SECTION 13.02. Acts of Board, Committee or Officer of Successor Company
--------------------------------------------------------
Valid. Any act or proceeding by any provision of this Indenture authorized or
-----
required to be done or performed by any board, committee or officer of the
Company shall and may be done and performed with like force and effect by the
like board, committee or officer of any Successor Company.

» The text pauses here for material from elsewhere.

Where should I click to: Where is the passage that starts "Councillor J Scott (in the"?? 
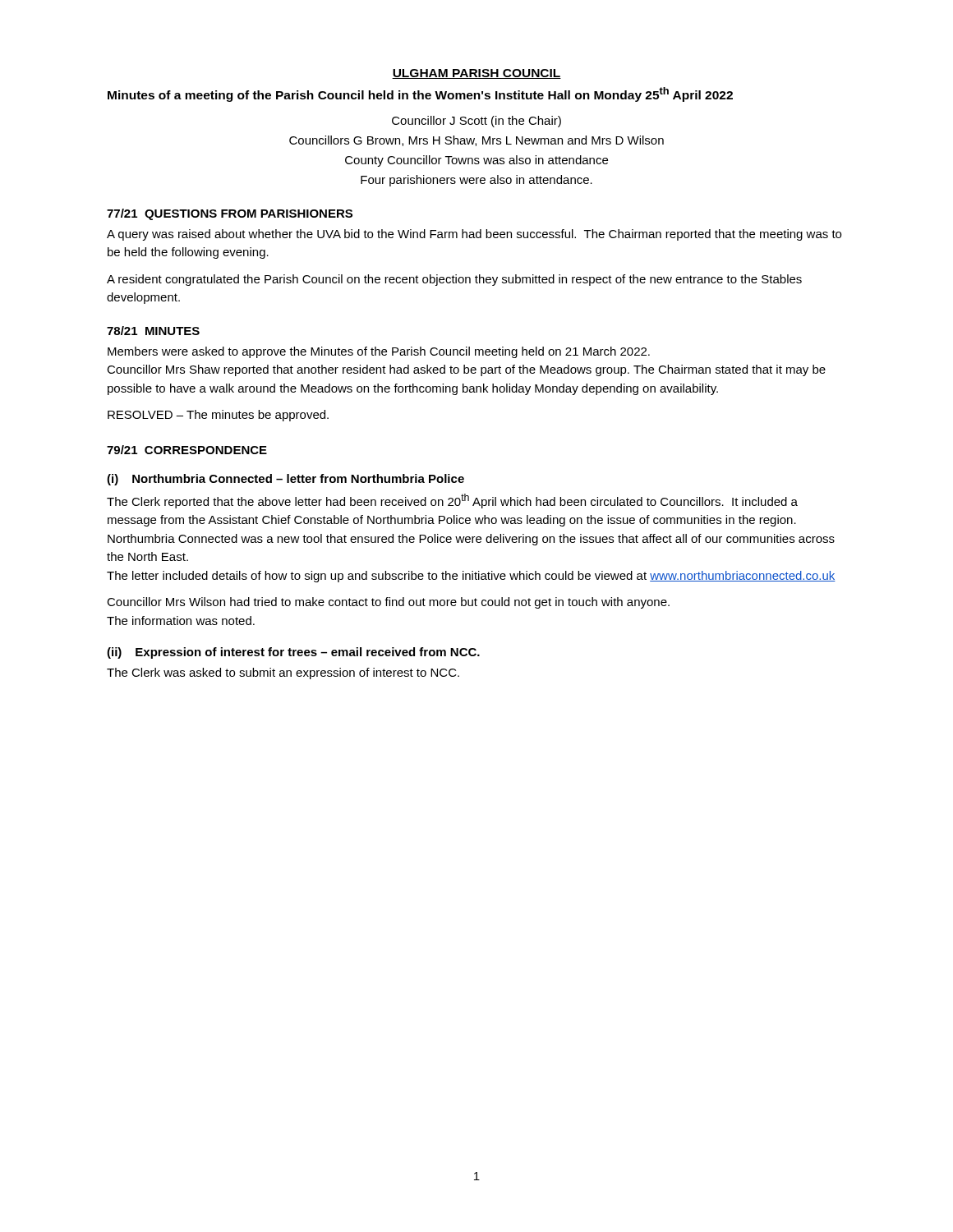(476, 150)

SECTION 13.03. Required Notices or Demands. Except as otherwise expressly
---------------------------
provided in this Indenture, any notice or demand which by any provision of this
Indenture is required or permitted to be given or served by the Trustee or by
the Holders to or on the Company may be given or served by being deposited
postage prepaid in a post office letter box in the United States addressed
(until another address is filed by the Company with the Trustee) as follows:
Electronic Data Systems Corporation, 0000 Xxxxxx Xxxxx, Xxxx Xxxx X0-0X-00,
Xxxxx, Xxxxx 00000-0000, Attention: Chief Financial Officer. Except as otherwise
expressly provided in this Indenture, any notice, direction, request or demand
by the Company or by any Holder to or upon the Trustee may be given or made, for
all purposes, by being deposited postage prepaid in a post office letter box in
the United States addressed to the corporate trust office of the Trustee
initially at [ ] Attention: [ ].
The Company or the Trustee by notice to the other may designate additional or
different addresses for subsequent notices or communications.

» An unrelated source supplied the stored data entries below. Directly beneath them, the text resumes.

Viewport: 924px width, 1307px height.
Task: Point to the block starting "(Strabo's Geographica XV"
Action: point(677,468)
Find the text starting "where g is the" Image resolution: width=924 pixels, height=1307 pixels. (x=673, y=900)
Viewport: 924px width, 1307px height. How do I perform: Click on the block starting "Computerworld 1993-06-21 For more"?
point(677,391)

Any notice required or permitted to a Registered Holder by the Company or
the Trustee pursuant to the provisions of this Indenture shall be deemed to be
properly mailed by being deposited postage prepaid in a post office letter box
in the United States addressed to such Holder at the address of such Holder as
shown on the Debt Security Register. Any report pursuant to Section 313 of the
Trust Indenture Act shall be transmitted in compliance with subsection (c)
therein.
74
Any notice required or permitted to a Bearer Holder by the Company or the
Trustee pursuant to this Indenture shall be deemed to be properly given if
published on two separate business days in an Authorized Newspaper or Newspapers
in such Place or Places of Payment specified pursuant to Section 2.03, the first
such publication to be not earlier than the earliest date and not later than two
business days prior to the latest date prescribed for the giving of such notice.
Notwithstanding the foregoing, any notice to Holders of Floating Rate Debt
Securities regarding the determination of a periodic rate of interest, if such
notice is required pursuant to Section 2.03, shall be sufficiently given if
given in the manner specified pursuant to Section 2.03.
In the event of suspension of regular mail service or by reason of any
other cause it shall be impracticable to give notice by mail, then such
notification as shall be given with the approval of the Trustee shall constitute
sufficient notice for every purpose hereunder.
In the event of suspension of publication of any Authorized Newspaper or by
reason of any other cause it shall be impracticable to give notice by
publication, then such notification as shall be given with the approval of the
Trustee shall constitute sufficient notice for every purpose hereunder.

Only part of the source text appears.